Material for this task:
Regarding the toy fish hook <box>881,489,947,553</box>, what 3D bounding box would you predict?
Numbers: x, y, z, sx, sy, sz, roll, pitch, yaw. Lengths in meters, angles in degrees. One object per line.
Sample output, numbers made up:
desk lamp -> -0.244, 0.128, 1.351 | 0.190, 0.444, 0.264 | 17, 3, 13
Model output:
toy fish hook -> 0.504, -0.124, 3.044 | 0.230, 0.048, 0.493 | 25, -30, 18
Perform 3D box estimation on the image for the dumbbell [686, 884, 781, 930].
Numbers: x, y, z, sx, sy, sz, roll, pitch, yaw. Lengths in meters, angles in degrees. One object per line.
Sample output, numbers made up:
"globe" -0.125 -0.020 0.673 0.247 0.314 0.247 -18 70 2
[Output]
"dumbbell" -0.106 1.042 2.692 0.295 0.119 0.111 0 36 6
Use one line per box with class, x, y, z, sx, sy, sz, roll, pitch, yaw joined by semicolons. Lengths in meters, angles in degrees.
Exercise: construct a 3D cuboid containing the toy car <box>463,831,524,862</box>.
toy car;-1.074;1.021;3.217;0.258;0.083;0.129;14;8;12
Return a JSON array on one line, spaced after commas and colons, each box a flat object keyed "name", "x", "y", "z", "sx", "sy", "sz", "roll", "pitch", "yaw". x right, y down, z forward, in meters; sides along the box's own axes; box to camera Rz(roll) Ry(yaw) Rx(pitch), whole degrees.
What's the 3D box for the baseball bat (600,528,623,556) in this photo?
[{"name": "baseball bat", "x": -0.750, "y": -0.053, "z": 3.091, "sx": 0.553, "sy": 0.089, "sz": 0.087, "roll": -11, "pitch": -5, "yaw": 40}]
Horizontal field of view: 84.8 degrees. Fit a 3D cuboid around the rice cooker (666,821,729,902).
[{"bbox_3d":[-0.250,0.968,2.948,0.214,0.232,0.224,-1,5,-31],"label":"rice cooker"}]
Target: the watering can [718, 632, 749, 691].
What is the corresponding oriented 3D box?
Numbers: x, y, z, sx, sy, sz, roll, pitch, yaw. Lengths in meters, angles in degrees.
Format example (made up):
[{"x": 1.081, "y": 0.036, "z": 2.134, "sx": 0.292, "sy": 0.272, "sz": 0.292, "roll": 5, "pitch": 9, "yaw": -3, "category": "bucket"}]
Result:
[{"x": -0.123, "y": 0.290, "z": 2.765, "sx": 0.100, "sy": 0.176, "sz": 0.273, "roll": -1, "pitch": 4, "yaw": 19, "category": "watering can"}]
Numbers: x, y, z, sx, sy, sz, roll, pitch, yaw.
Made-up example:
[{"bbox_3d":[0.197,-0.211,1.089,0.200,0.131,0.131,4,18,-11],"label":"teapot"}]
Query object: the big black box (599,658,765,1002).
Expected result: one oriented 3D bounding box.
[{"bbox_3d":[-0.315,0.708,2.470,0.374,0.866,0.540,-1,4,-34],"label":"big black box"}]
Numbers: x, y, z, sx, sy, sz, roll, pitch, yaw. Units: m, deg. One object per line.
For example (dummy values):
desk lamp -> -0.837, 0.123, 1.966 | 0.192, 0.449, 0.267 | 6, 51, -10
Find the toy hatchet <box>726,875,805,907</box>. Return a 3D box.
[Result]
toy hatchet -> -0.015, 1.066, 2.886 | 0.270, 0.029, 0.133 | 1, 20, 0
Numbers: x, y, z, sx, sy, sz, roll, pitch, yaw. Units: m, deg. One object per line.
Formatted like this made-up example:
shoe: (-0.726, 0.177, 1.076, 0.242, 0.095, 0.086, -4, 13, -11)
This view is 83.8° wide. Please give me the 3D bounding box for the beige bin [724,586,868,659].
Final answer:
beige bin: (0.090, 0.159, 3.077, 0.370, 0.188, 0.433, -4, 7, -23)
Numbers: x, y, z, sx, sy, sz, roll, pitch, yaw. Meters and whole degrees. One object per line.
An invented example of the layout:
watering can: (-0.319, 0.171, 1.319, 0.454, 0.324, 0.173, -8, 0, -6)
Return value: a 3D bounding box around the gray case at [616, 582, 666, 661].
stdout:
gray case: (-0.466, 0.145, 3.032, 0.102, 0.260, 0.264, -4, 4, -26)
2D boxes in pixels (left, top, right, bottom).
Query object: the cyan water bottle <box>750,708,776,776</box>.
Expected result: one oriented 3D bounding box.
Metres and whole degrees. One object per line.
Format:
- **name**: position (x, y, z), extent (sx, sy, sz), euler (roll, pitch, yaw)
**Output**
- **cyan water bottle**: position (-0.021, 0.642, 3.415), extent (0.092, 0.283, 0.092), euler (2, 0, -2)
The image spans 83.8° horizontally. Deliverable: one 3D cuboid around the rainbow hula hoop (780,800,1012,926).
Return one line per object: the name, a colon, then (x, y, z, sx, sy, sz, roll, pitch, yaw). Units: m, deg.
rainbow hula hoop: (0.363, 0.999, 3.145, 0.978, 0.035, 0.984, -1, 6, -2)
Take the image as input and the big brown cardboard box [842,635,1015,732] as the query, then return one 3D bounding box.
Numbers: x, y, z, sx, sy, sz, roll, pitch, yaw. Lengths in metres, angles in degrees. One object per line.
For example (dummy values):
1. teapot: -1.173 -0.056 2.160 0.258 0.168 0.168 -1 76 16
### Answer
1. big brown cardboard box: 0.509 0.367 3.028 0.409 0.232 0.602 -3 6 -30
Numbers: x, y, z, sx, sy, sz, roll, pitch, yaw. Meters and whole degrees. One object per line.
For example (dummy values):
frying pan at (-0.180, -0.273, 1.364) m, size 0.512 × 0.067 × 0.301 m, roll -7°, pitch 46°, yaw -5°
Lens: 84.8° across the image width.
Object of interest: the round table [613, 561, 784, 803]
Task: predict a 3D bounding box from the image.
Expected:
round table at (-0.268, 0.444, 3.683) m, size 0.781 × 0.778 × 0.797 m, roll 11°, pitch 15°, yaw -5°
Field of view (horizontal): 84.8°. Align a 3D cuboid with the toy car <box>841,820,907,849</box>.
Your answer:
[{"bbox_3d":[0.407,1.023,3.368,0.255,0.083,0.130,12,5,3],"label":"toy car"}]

Exercise description: Every line of the listing that holds the word "desk" is to be found and copied.

Solution to the exercise:
desk lamp -> -0.244, 0.128, 1.351 | 0.190, 0.444, 0.264 | 17, 3, 13
desk lamp -> -0.837, 0.123, 1.966 | 0.192, 0.449, 0.267 | 6, 51, -10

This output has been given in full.